Table 7 The accessions of Bambara groundnut and their countries of origin.

Experimental design and intercultural practice

The experiment was conducted by using a randomized complete block design (RCBD) with three replications across all locations. RCBD was used because of fertility gradients of the experimental sites. In each replication, there were 15 plots/beds with each bed measuring 3 m × 0.5 m. The furrow spacing between each bed was 30 cm and the intra-spacing distance between plants was 30 cm while the interspacing distance between plants was 50 cm. The replications were separated from each other by a distance of 1 m. The total size of the experiment plot was 13 m × 12 m leaving 1 m of spacing before the first replication and 1 m spacing after the third replication and with 15 beds per replication and a total of 45 beds across all locations.
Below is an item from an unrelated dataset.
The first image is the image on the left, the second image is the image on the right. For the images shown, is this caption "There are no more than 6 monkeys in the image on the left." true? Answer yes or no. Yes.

Each replication had 11 plants per plot.

Measurement of parameters for data analysis

For this study, the phonological, growth, yield traits, and qualitative data were taken (Tables 8 and 9).
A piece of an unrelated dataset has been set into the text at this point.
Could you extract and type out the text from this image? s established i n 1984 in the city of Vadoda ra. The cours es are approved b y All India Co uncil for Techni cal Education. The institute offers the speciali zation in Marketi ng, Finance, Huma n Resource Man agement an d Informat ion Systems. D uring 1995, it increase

Table 8 The list of 34 phenological, vegetative, and yield traits considered according to IPGRI, IITA, and BAMNET71. (Nos 1–4 are the phonological traits, Nos 5–17 are the vegetative traits while Nos 18–37 are the yield traits.
Table 9 The qualitative traits measured according to IPGRI, IITA, and BAMNET71, and Khan et al.28.

Statistical analysis

The vegetative, yields, and phenological traits were examined using the ANOVA to determine if variations existed among the accessions and locations by making use of the R statistical packages version R-4.0.5. Fischer’s least significant difference (F-LSD) was used to separate means at a probability level of 5%. PCA was performed using the FactoMineR and factoextra packages and Pearson correlation was done using the corr. Functions in R. A hierarchical cluster analysis was performed using the ward D2 method with cluster factoextra package in R. All the R analysis commands or code used for each analysis in this study can be found as supplementary file So attached to this manuscript.